If the moment is not gone and I’m still there with you, standing at the bus stop, holding your hand or kissing your lips, and letting you go home with that small carton of big rockets so that I could go home and reflect on how terribly I’m going to miss you dear, celebrate today. Celebrate this festival, not for your dad, neither for your mother, sister or brother, no, not for me, but for yourself, for your tender beating heart that thumps against my shivering hands. I will tell you why. Because your heart beats instead of being wounded, because your heart loves instead of being tired, because your heart is full of truth and full of warmth. I know, I have seen that person behind that beautiful face.

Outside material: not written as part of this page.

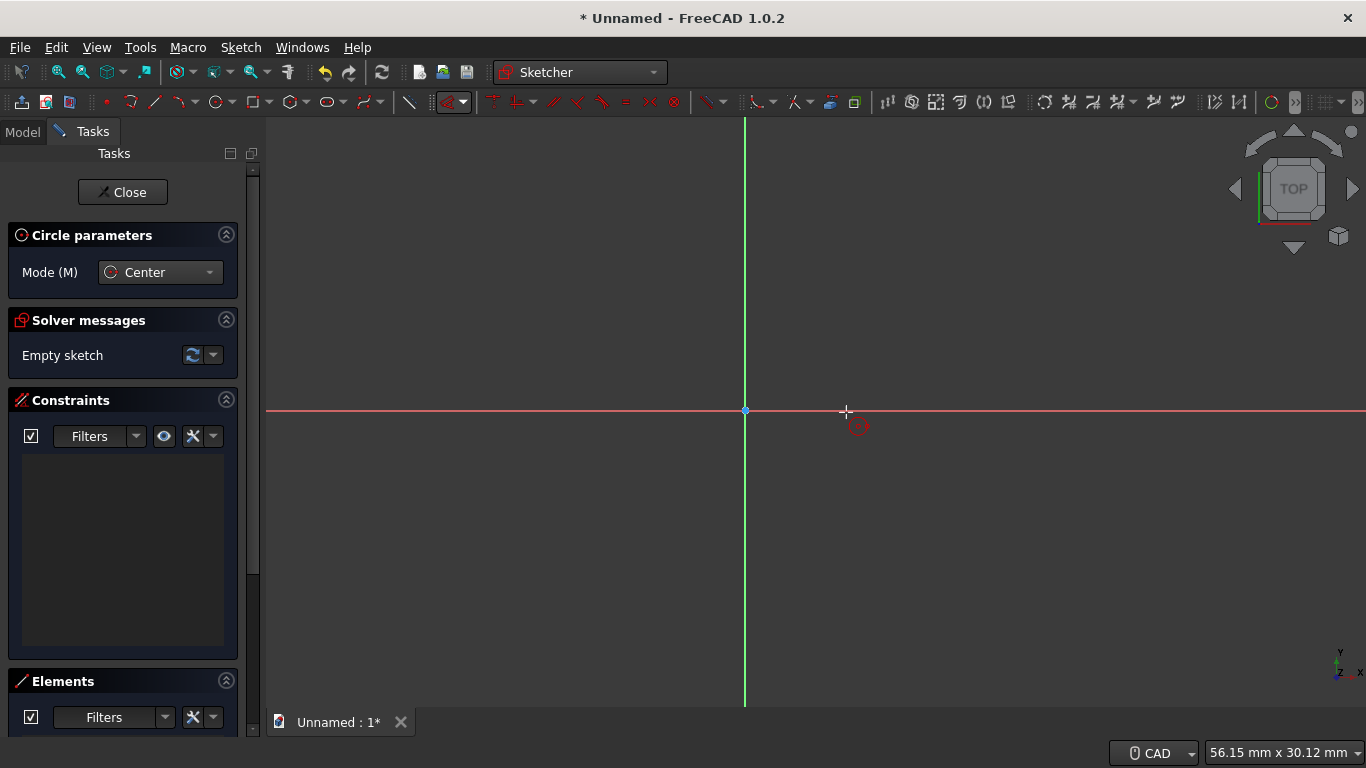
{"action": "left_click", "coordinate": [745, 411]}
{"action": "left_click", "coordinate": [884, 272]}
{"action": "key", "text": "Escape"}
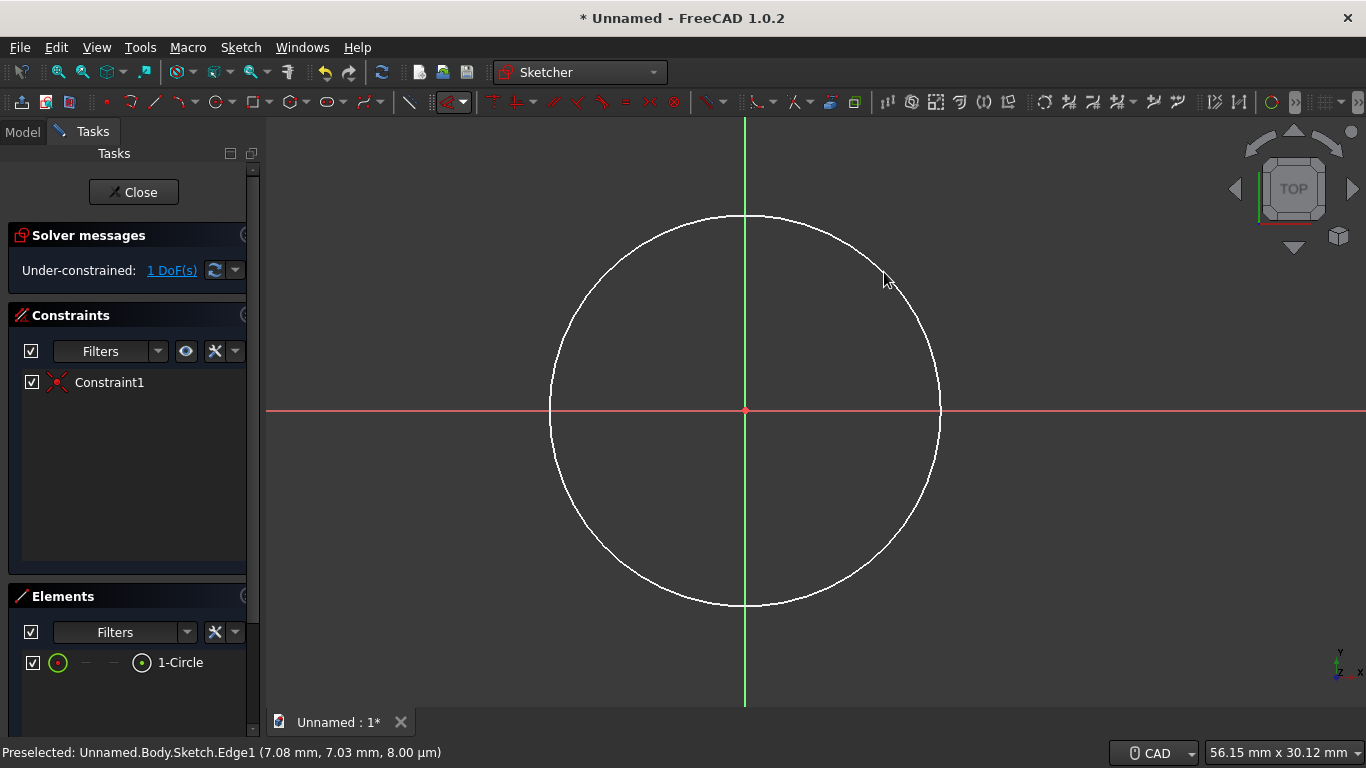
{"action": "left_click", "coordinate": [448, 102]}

I know why you heal people, you guide them to find the peace and protection, you think that healing them will heal your heart somewhere, that your heart will be set free of the rue of your past. But healing people isn’t going to heal your heart, healing your heart is going to heal your heart. Though your love is fearless, your heart needs to breakfree from the fear yet. Those wounds aren’t going to heal themselves, that beautiful heart deserves your kindness, dear.

So if the moment is not gone and I’m still on your skin or standing in front of you and smiling stupidly while staring at the perfect symmetry of your face, if the moment is still there in the gaps of our crossed fingers, go and light these rockets today. And with each of them, rid your heart of the most excruciating pains and watch them shoot to the sky and blast away like bubbles. Just believe that you tied the weights of your heart with those flying crackers and let them burn. I know I might sound stupid to you when I ask you to do this. But then you know that you sound stupid to me too when you tell a few alien things, but I believe them because I put my faith in your palms which I kiss so tenderly as if my lips could hurt them. I do not trust yet, but I believe. There’s a difference between trusting and believing. Trust requires proof while believing requires faith. In time I’ll get there, I’ll start trusting too. But for now, I believe. You know that it’s all about believing. So believe me and burn those rockets and let everything, every pain of your past go blast with them. Maybe the number of your pains would outrun the rockets, but we will get to the end of it, you will get to the end of it once you start. And save the last rocket for your newly found love, not me, but the love that you’ve found with me. The love that makes you strong, save the last rocket for it. And take a deep breath, let your tears roll and bless the sky, like you bless everyone, bless yourself that you are capable of loving and living, bless yourself that your heart needs to let go, bless yourself that you are bigger than those who hurt you, and then light the last rocket, watch it shoot to the sky and the universe will know that you’ve forgiven yourself for being so harsh on you. I want you to celebrate, to know that this festival is for you too and that a new light is coming to you and you will find your own way to a happier life where the past won’t haunt you anymore.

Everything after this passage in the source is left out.